The answer to the heinous problem of sexual slavery is to bring prostitution out of the closet and allow proper licensed zones for it, such as the German "eros centres", where women and men can sell sexual services legally and with some security. These can be invigilated to eliminate the under-age, and to make sure those there are doing it of their own free will. Counselling and social services should also be available via these places. These should be financed by sellers having to pay taxes out of their incomes.
This is the only thing that will work. Throughout history women have been persecuted for prostitution (they are still stoned and killed for it in Muslim countries). Any neo-puritan idea (which will appeal to the Government's repressive tendency) that the problem can be solved by transferring this persecution to the clients (many very inadequate individuals) is cruel and specious.
Smoking ban will hit market-town hotel
Sir: As the owner of a small hotel that is also a meeting place for local residents in our Cotswold market town, I will be caught in the middle if the Government insists I ban smoking because I serve food.

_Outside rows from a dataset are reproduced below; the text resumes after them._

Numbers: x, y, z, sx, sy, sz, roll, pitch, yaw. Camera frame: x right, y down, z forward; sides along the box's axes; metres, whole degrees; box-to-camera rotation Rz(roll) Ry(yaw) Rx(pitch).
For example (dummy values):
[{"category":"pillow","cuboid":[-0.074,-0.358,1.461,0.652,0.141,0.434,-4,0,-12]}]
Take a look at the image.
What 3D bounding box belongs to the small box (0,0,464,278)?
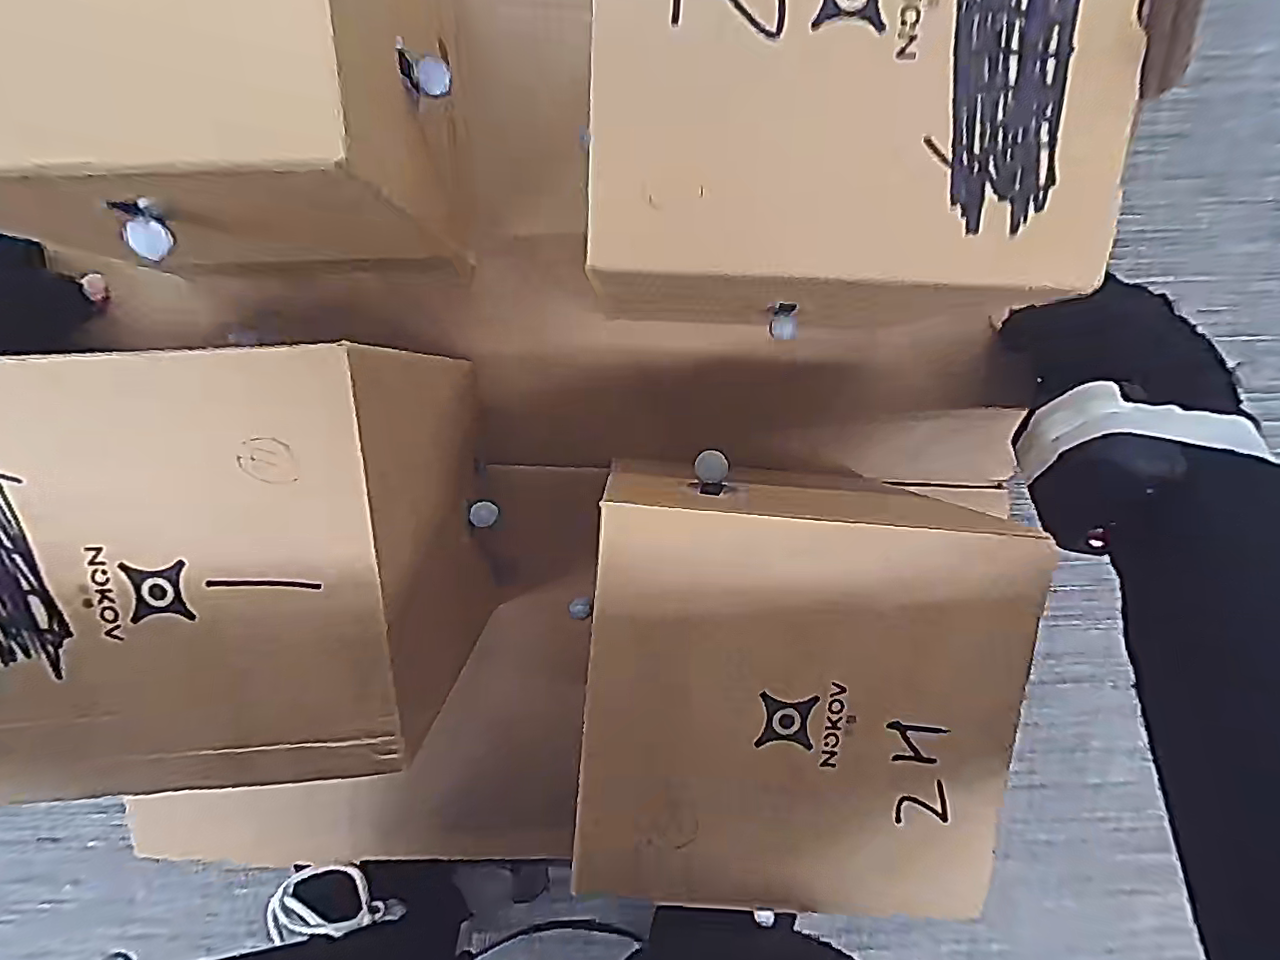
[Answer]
[{"category":"small box","cuboid":[-0.187,-0.192,0.240,0.179,0.176,0.168,-3,100,-1]}]

Our 10 guest rooms are non-smoking, as is the restaurant, but we allow smoking in both our bars. In our function room, which has a variety of uses, from conferences and private parties to local farmers' breakfast meetings, we leave it up to the organisers to decide what they want.

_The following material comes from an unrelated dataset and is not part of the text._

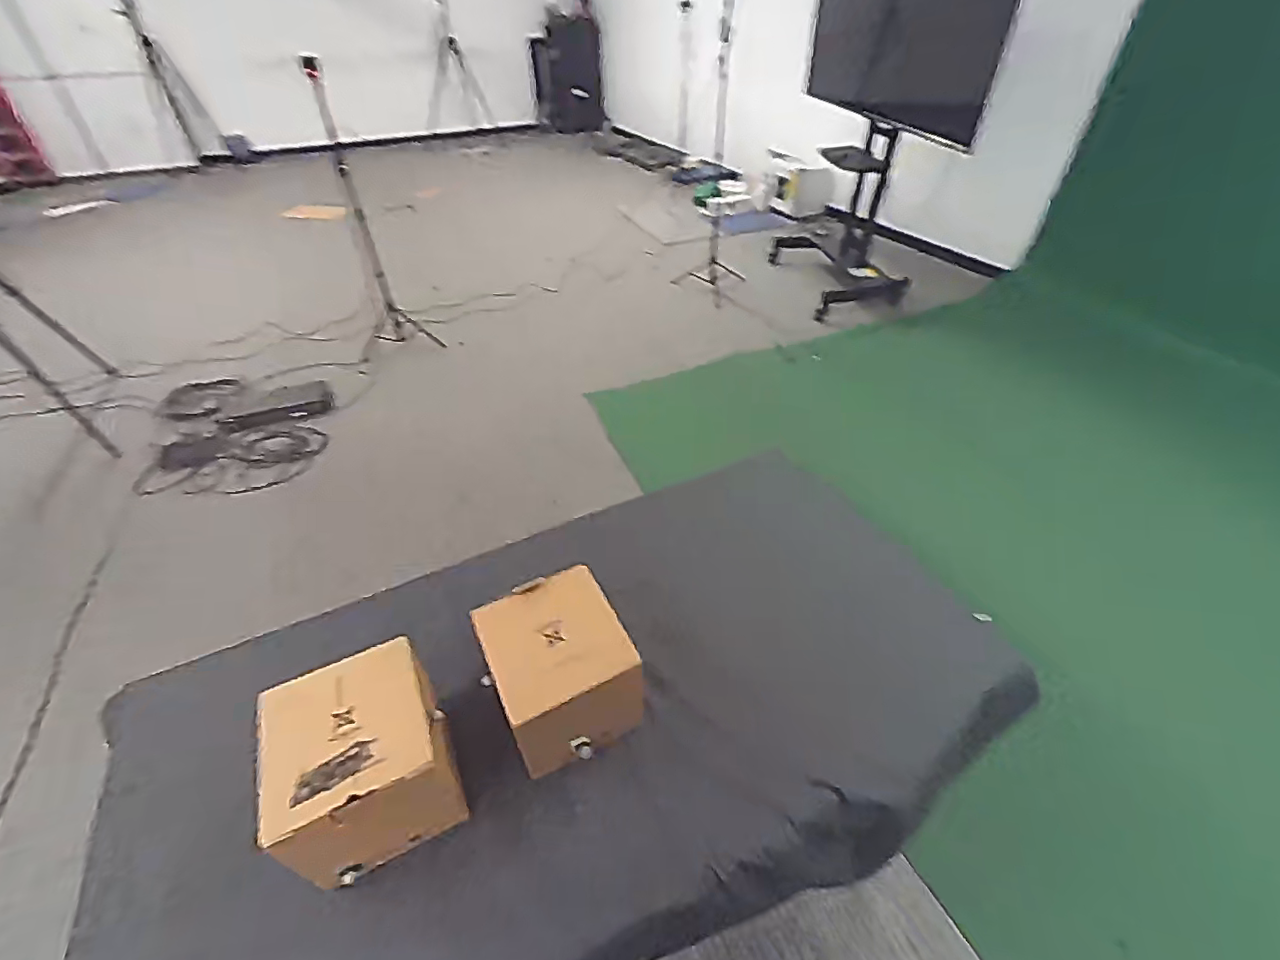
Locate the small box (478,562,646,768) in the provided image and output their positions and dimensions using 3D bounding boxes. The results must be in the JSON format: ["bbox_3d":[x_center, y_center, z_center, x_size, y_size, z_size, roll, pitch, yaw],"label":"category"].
[{"bbox_3d":[-0.104,0.251,0.740,0.168,0.176,0.179,-23,48,-20],"label":"small box"}]

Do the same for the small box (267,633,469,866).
[{"bbox_3d":[-0.321,0.328,0.653,0.168,0.176,0.179,-20,44,-20],"label":"small box"}]

The two sides of the business go hand-in-hand, but I make more than two-thirds of my income from drinks sales, and although guests do drink in the bar, the majority of the drinks business is from the locals. Most of them are smokers, and if I had to choose between smoking and food, I'd be driven out of business.
The Government needs to recognise that there is not a one-size-fits-all solution - there's a wide variety in both pubs and what their customers want. Compromise and flexibility is what is needed for smokers, non-smokers and the trade.

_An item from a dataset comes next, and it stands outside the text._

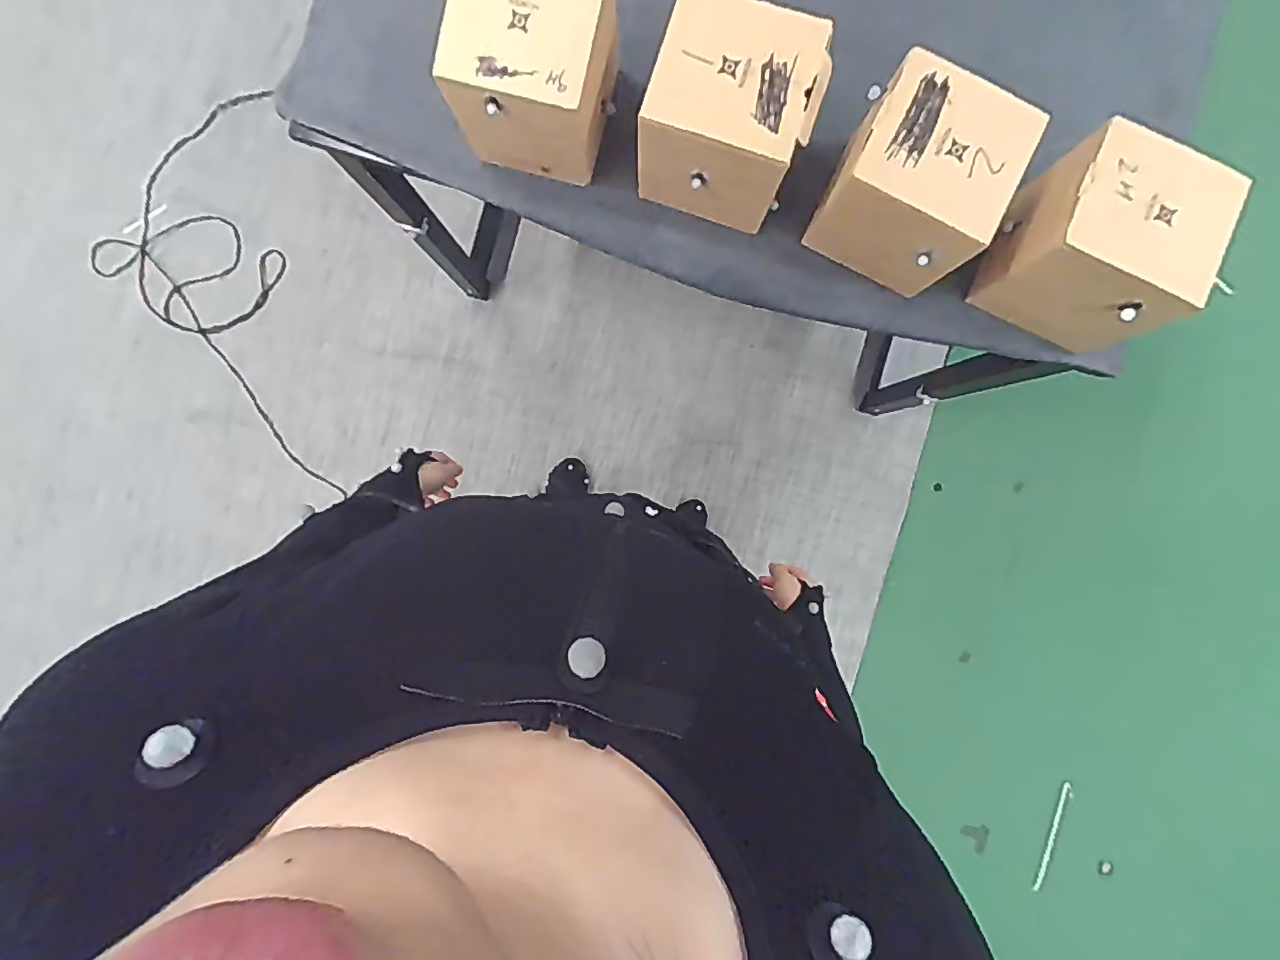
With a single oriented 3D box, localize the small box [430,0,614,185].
[{"bbox_3d":[-0.130,-0.508,0.666,0.168,0.176,0.179,14,91,0],"label":"small box"}]

WHITE BEAR HOTEL, SHIPSTON-ON-STOUR, WARWICKSHIRE
Best in perspective
Sir: Thanks to Deborah Orr (3 December) for putting George Best's life and death into perspective. I cried watching his funeral, not because of his football prowess, but because a son had lost a father. My three children have never come to terms with losing their father due to the same illness. It was heartbreaking to see them watch his gradual decline, knowing that essentially it was his choice to remove himself from them.
First woman MP
Sir: Is The Independent trying to re-write history? You report (1 December) that on this day Nancy Astor took her seat as the first woman MP. That's correct. She was the first to "take her seat", but not the first woman MP. That distinction belongs to Constance Mark-iewicz, who was elected for Dublin Central under the banner of Sinn Féin, even though she was in HMP Holloway at the time for her part in the Easter Rising. As an Irish Republican, she refused to take her seat.
JEREMY CORBYN MP
(ISLINGTON N, LAB) HOUSE OF COMMONS
Buses held up
Sir: Why haven't British bus companies adopted the sensible and successful Continental practice of requiring pre-payment of bus fares, and never taking ticket money on the bus itself? This eliminates the waste of time and/or motor fuel for the bus company, the passengers and the vehicles queuing behind, while the bus is stationary and the driver is selling tickets. Most important, it speeds up the bus journey and makes public transport much more attractive. Can you imagine train or tube drivers or airline pilots selling tickets?
Sir: The saddest aspect of the declining rainforests (Letters, 29, 30 November, 1 December), apart from the fact that this phenomenon is hastening the demise of us, the human race, is that the creatures residing there that we have not even had the wonder of observing yet will be extinct before we ever knew they existed. The one saving grace is that they will never have had the horrendous experience of setting eyes on us.
Gay wedding protocol
Sir: I am most delighted to read of Sir Elton's marriage in, of all places, Russia (report, 3 December). Should I be so lucky as to meet the happy couple after the ceremony, would protocol dictate that I address his partner as Lady Elton?